(Try it):
Write out every record below exactly, so that nothing differs from what is shown.

(Collection entries)
== Segment start ==
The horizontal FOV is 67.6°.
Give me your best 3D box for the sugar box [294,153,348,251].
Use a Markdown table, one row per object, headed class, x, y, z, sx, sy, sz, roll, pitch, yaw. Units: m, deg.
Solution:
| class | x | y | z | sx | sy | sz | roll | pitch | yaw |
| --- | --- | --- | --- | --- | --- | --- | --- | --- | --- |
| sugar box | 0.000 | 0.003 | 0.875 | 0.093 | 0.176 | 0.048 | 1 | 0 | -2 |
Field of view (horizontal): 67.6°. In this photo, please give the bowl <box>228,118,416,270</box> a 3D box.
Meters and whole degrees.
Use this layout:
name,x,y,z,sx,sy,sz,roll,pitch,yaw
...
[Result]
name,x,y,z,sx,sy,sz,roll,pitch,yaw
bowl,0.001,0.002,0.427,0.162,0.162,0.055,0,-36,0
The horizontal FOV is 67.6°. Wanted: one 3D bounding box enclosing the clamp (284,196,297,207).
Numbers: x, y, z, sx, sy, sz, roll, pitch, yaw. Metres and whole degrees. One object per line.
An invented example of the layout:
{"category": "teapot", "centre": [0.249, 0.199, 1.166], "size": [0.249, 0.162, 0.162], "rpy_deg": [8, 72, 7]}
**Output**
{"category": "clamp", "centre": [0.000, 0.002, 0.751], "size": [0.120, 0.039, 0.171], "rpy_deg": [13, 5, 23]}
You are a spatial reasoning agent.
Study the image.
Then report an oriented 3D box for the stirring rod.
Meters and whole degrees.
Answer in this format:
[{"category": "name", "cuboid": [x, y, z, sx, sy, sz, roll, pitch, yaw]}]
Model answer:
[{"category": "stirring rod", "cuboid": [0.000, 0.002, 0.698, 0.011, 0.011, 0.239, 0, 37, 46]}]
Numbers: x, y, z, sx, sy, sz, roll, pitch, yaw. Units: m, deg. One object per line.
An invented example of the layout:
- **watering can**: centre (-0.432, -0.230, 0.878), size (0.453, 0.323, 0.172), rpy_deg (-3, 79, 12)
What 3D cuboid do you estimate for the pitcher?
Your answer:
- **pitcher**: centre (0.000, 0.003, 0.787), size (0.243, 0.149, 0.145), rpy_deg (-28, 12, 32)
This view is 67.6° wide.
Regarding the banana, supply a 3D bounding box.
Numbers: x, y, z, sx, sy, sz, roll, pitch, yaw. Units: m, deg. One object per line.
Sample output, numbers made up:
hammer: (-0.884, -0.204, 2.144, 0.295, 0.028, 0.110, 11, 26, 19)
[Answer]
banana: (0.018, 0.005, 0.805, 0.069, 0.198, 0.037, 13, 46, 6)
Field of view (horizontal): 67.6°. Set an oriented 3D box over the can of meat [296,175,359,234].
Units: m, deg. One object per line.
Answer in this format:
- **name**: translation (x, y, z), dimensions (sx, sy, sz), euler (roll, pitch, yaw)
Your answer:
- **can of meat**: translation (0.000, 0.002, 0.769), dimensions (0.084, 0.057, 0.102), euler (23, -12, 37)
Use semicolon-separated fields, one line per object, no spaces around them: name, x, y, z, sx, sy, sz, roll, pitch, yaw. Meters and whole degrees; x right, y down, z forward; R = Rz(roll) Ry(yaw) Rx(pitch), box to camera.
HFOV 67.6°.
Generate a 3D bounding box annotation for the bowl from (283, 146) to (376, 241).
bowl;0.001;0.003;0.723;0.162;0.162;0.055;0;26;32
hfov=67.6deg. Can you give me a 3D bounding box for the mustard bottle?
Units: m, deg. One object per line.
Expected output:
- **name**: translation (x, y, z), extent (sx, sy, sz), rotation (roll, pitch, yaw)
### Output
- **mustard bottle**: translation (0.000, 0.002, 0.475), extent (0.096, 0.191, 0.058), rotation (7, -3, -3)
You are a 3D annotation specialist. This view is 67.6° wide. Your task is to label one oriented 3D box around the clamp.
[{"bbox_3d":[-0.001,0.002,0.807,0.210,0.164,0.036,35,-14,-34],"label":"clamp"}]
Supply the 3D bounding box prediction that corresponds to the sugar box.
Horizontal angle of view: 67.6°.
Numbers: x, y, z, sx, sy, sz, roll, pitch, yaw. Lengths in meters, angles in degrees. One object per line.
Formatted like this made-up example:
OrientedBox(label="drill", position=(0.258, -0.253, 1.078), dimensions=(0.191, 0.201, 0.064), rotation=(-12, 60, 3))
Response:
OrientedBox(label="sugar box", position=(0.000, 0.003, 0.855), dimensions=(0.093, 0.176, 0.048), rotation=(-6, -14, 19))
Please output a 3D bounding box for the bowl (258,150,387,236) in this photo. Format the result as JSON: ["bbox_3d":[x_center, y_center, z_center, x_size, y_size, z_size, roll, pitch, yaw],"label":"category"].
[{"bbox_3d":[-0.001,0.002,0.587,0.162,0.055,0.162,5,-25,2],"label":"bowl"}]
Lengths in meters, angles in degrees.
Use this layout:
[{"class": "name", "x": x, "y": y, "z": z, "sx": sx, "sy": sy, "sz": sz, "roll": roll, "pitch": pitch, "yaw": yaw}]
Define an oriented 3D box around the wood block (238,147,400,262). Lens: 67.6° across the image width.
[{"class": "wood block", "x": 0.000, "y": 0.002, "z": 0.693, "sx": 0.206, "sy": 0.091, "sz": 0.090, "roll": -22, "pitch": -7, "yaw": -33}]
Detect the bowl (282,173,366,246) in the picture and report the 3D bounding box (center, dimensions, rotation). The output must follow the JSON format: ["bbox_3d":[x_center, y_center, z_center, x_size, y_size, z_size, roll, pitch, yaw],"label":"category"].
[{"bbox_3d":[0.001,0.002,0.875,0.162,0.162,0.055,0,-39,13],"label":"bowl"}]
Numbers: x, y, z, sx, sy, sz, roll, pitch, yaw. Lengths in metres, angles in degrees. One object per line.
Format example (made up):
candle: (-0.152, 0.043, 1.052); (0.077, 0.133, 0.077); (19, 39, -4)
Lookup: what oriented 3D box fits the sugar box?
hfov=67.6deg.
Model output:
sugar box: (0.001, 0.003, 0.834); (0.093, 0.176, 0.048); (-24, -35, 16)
== Segment end ==
(Solution):
The horizontal FOV is 67.6°.
Give me your best 3D box for the sugar box [294,153,348,251].
Use a Markdown table, one row per object, headed class, x, y, z, sx, sy, sz, roll, pitch, yaw. Units: m, deg.
Solution:
| class | x | y | z | sx | sy | sz | roll | pitch | yaw |
| --- | --- | --- | --- | --- | --- | --- | --- | --- | --- |
| sugar box | 0.000 | 0.003 | 0.875 | 0.093 | 0.176 | 0.048 | 1 | 0 | -2 |
Field of view (horizontal): 67.6°. In this photo, please give the bowl <box>228,118,416,270</box> a 3D box.
Meters and whole degrees.
Use this layout:
name,x,y,z,sx,sy,sz,roll,pitch,yaw
...
[Result]
name,x,y,z,sx,sy,sz,roll,pitch,yaw
bowl,0.001,0.002,0.427,0.162,0.162,0.055,0,-36,0
The horizontal FOV is 67.6°. Wanted: one 3D bounding box enclosing the clamp (284,196,297,207).
Numbers: x, y, z, sx, sy, sz, roll, pitch, yaw. Metres and whole degrees. One object per line.
An invented example of the layout:
{"category": "teapot", "centre": [0.249, 0.199, 1.166], "size": [0.249, 0.162, 0.162], "rpy_deg": [8, 72, 7]}
**Output**
{"category": "clamp", "centre": [0.000, 0.002, 0.751], "size": [0.120, 0.039, 0.171], "rpy_deg": [13, 5, 23]}
You are a spatial reasoning agent.
Study the image.
Then report an oriented 3D box for the stirring rod.
Meters and whole degrees.
Answer in this format:
[{"category": "name", "cuboid": [x, y, z, sx, sy, sz, roll, pitch, yaw]}]
Model answer:
[{"category": "stirring rod", "cuboid": [0.000, 0.002, 0.698, 0.011, 0.011, 0.239, 0, 37, 46]}]
Numbers: x, y, z, sx, sy, sz, roll, pitch, yaw. Units: m, deg. One object per line.
An invented example of the layout:
- **watering can**: centre (-0.432, -0.230, 0.878), size (0.453, 0.323, 0.172), rpy_deg (-3, 79, 12)
What 3D cuboid do you estimate for the pitcher?
Your answer:
- **pitcher**: centre (0.000, 0.003, 0.787), size (0.243, 0.149, 0.145), rpy_deg (-28, 12, 32)
This view is 67.6° wide.
Regarding the banana, supply a 3D bounding box.
Numbers: x, y, z, sx, sy, sz, roll, pitch, yaw. Units: m, deg. One object per line.
Sample output, numbers made up:
hammer: (-0.884, -0.204, 2.144, 0.295, 0.028, 0.110, 11, 26, 19)
[Answer]
banana: (0.018, 0.005, 0.805, 0.069, 0.198, 0.037, 13, 46, 6)
Field of view (horizontal): 67.6°. Set an oriented 3D box over the can of meat [296,175,359,234].
Units: m, deg. One object per line.
Answer in this format:
- **name**: translation (x, y, z), dimensions (sx, sy, sz), euler (roll, pitch, yaw)
Your answer:
- **can of meat**: translation (0.000, 0.002, 0.769), dimensions (0.084, 0.057, 0.102), euler (23, -12, 37)
Use semicolon-separated fields, one line per object, no spaces around them: name, x, y, z, sx, sy, sz, roll, pitch, yaw. Meters and whole degrees; x right, y down, z forward; R = Rz(roll) Ry(yaw) Rx(pitch), box to camera.
HFOV 67.6°.
Generate a 3D bounding box annotation for the bowl from (283, 146) to (376, 241).
bowl;0.001;0.003;0.723;0.162;0.162;0.055;0;26;32
hfov=67.6deg. Can you give me a 3D bounding box for the mustard bottle?
Units: m, deg. One object per line.
Expected output:
- **name**: translation (x, y, z), extent (sx, sy, sz), rotation (roll, pitch, yaw)
### Output
- **mustard bottle**: translation (0.000, 0.002, 0.475), extent (0.096, 0.191, 0.058), rotation (7, -3, -3)
You are a 3D annotation specialist. This view is 67.6° wide. Your task is to label one oriented 3D box around the clamp.
[{"bbox_3d":[-0.001,0.002,0.807,0.210,0.164,0.036,35,-14,-34],"label":"clamp"}]
Supply the 3D bounding box prediction that corresponds to the sugar box.
Horizontal angle of view: 67.6°.
Numbers: x, y, z, sx, sy, sz, roll, pitch, yaw. Lengths in meters, angles in degrees. One object per line.
Formatted like this made-up example:
OrientedBox(label="drill", position=(0.258, -0.253, 1.078), dimensions=(0.191, 0.201, 0.064), rotation=(-12, 60, 3))
Response:
OrientedBox(label="sugar box", position=(0.000, 0.003, 0.855), dimensions=(0.093, 0.176, 0.048), rotation=(-6, -14, 19))
Please output a 3D bounding box for the bowl (258,150,387,236) in this photo. Format the result as JSON: ["bbox_3d":[x_center, y_center, z_center, x_size, y_size, z_size, roll, pitch, yaw],"label":"category"].
[{"bbox_3d":[-0.001,0.002,0.587,0.162,0.055,0.162,5,-25,2],"label":"bowl"}]
Lengths in meters, angles in degrees.
Use this layout:
[{"class": "name", "x": x, "y": y, "z": z, "sx": sx, "sy": sy, "sz": sz, "roll": roll, "pitch": pitch, "yaw": yaw}]
Define an oriented 3D box around the wood block (238,147,400,262). Lens: 67.6° across the image width.
[{"class": "wood block", "x": 0.000, "y": 0.002, "z": 0.693, "sx": 0.206, "sy": 0.091, "sz": 0.090, "roll": -22, "pitch": -7, "yaw": -33}]
Detect the bowl (282,173,366,246) in the picture and report the 3D bounding box (center, dimensions, rotation). The output must follow the JSON format: ["bbox_3d":[x_center, y_center, z_center, x_size, y_size, z_size, roll, pitch, yaw],"label":"category"].
[{"bbox_3d":[0.001,0.002,0.875,0.162,0.162,0.055,0,-39,13],"label":"bowl"}]
Numbers: x, y, z, sx, sy, sz, roll, pitch, yaw. Lengths in metres, angles in degrees. One object per line.
Format example (made up):
candle: (-0.152, 0.043, 1.052); (0.077, 0.133, 0.077); (19, 39, -4)
Lookup: what oriented 3D box fits the sugar box?
hfov=67.6deg.
Model output:
sugar box: (0.001, 0.003, 0.834); (0.093, 0.176, 0.048); (-24, -35, 16)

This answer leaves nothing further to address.